Present in Bolivia, Peru and Guatemala, the transportation services platform joins the competitive taxi app industry that has time as one of its main challenges in cities with the worst levels of vehicular traffic in the world.
Entering a small market has been the strategy of Yango, a mobility platform that is part of the Russian technology conglomerate Yandex, to penetrate Latin America.
Although the group already has a presence with Yango Delivery - its delivery company for companies - in Chile, Mexico and Peru, Bolivia was the market chosen to enter with the taxi app. The launch was at the end of 2022 and today they cover the most important cities in the Altiplano country: La Paz and Santa Cruz.

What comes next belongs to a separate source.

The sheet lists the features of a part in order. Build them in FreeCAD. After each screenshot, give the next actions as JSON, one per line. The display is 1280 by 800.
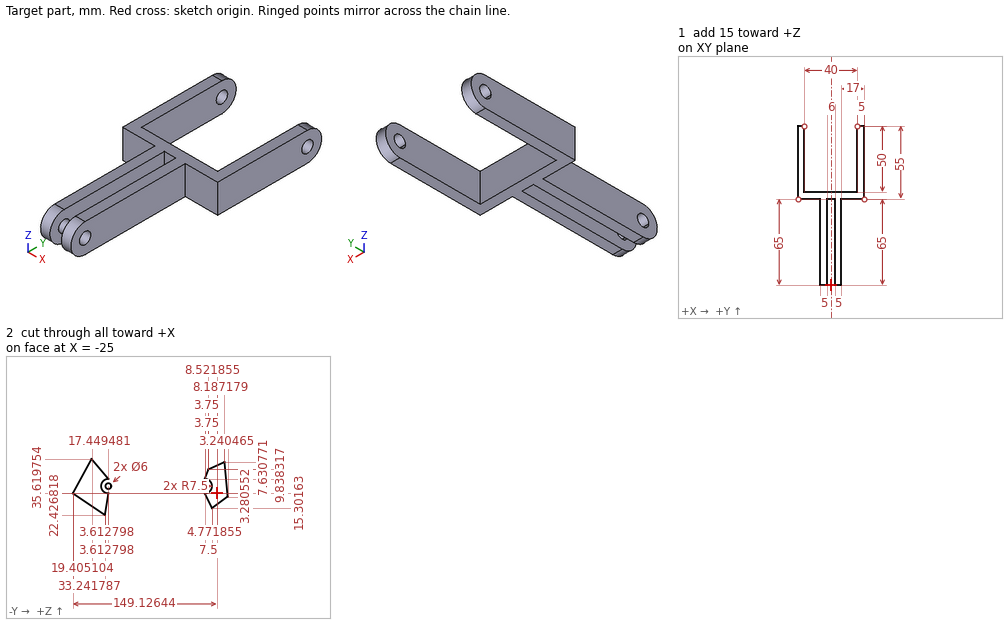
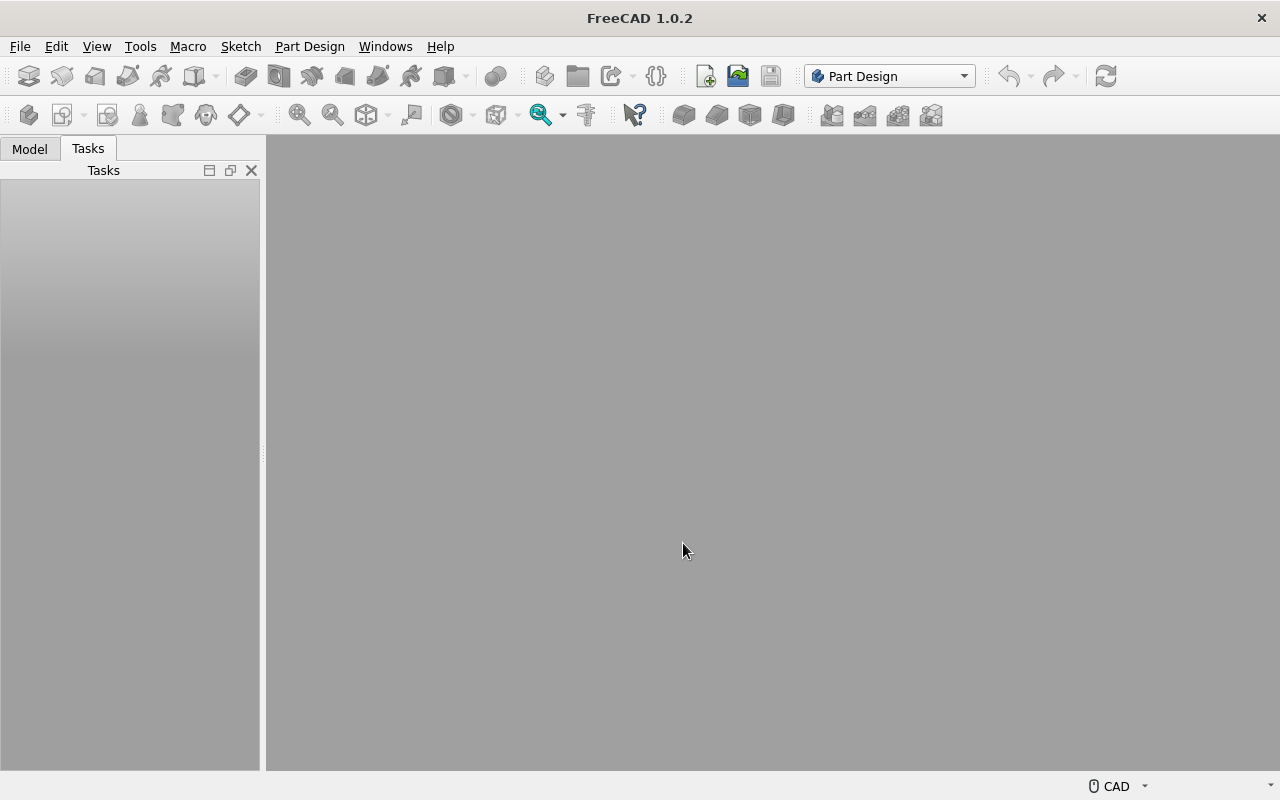
{"action": "key", "text": "ctrl+n"}

“We chose a small entry market like Bolivia. Yango is an international brand, but we have to build it in Latin America. This implies a very important development of technology. Likewise, we are going to be in the largest markets. A month ago we started a trial period in Lima, one of the largest cities in Latin America. After Brazil and Mexico, Peru is one of the countries with the largest inhabitants and we do not consider it a small market. Then we will go to the largest ones like Colombia, Argentina or Mexico, but the strategy is to build a brand, understand the local consumer. We identify where there are opportunities and in Lima we have discovered many opportunities to improve the service, both in price, security, technology, quality, and waiting times. We don't see so much the size of the market, but rather the opportunity that exists in each city,” says Juan Pablo Velasco, general manager of Yango in Peru and Bolivia .
In that sense, last week, Yango officially announced his entry to Peru. According to the Bolivian executive, the potential in the capital is enormous, since there are 230,000 vehicles that are used as taxis, and just under half operate under an application.

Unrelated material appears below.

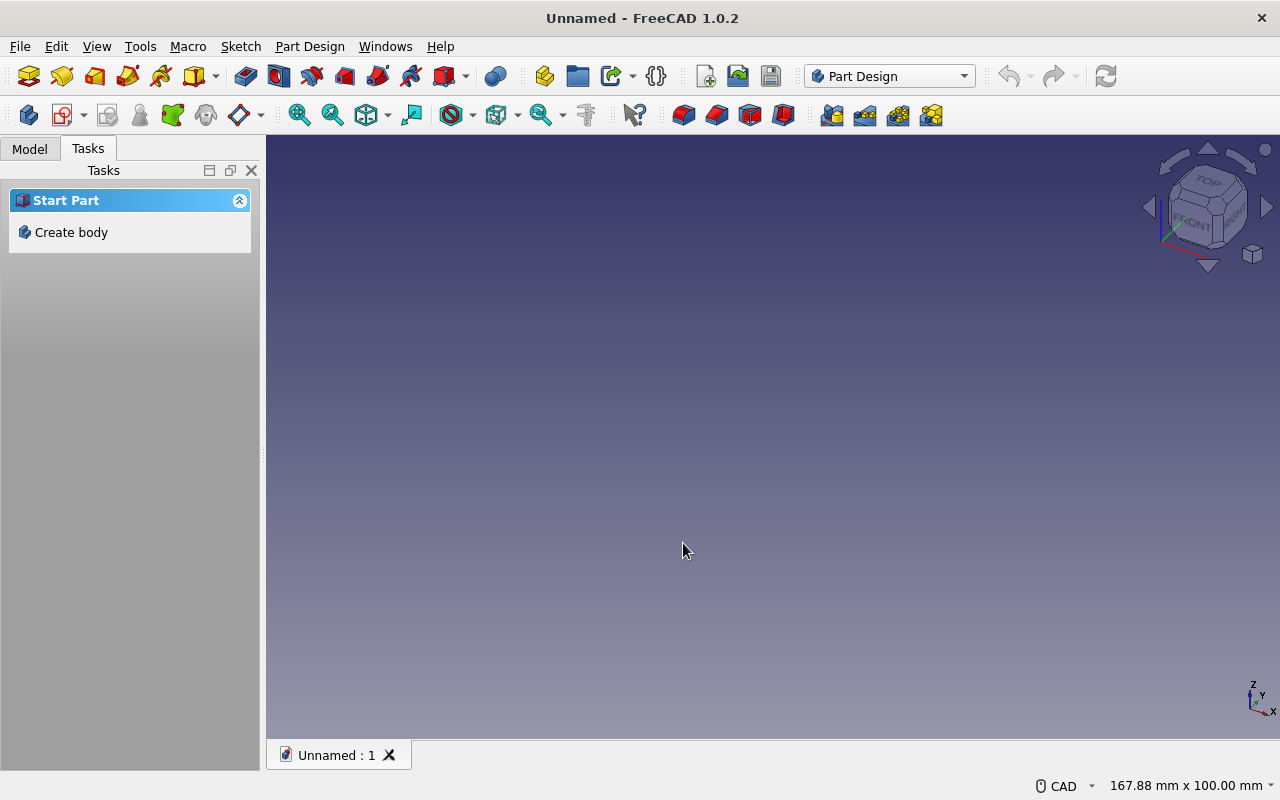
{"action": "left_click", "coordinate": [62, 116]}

However, in Peru, as in other markets in the region, Yango will have to compete with more established mobility platforms, such as Cabify, Uber or Didi.
For Velasco, the value proposition is his business model. “We do not work with direct drivers, but with companies and that makes all the difference because by working with a company legally, the drivers have support to fall back on if something happens. That is a game changer for the industry . Plus, our prices are the best. In Lima, for example, you have rates from S/ 3.5 (less than US$ 1), it is very cheap. On the topic of security we have the conflict button and security algorithms for route diversion. Basically what Yango has is the best of each service,” he remarks.
THE WAITING TIME, THE BIGGEST HEADACHE
Although the taxi industry currently has a large technological component, waiting times can be a nightmare for users, especially Latin America, which is home to several cities with the worst vehicle traffic in the world.
In that regard, Yango has quite ambitious goals. “The ETA, which is the waiting time from when you request the car, is a very important KPI. Our goal in the medium is to have a waiting time of one minute, which is already happening in other cities where Yango is located, this happens over time. It is a very important metric because at the end of the day, when you order a taxi you want it immediately,” says Velasco.
To achieve this, Yango develops its own maps, routes and navigation, as well as intelligent order distribution. “We use technology and develop our maps strategically, this is a very important commitment. At first it is a large investment, there is a lot of work for a city as large as Lima, but we have the knowledge and experience that in the medium term the value of having our own maps is very different and the service changes considerably in terms of efficiency. get to the point faster, price, that the driver is not so long without a trip and that the user has their car quickly. We are the only company that does this,” says Juan Pablo Velasco.
For now, the Yango taxi application has added one more market: Guatemala. And although the application of Russian origin is strong in more than 20 countries in Europe, Central Asia, the Middle East and Africa, today it targets Latin America.
“Latin America is a market of 650 million inhabitants and with a digital penetration of more than 45%. It is a very attractive market for this type of technology. The taxi service in these developing countries can improve a lot,” he concludes.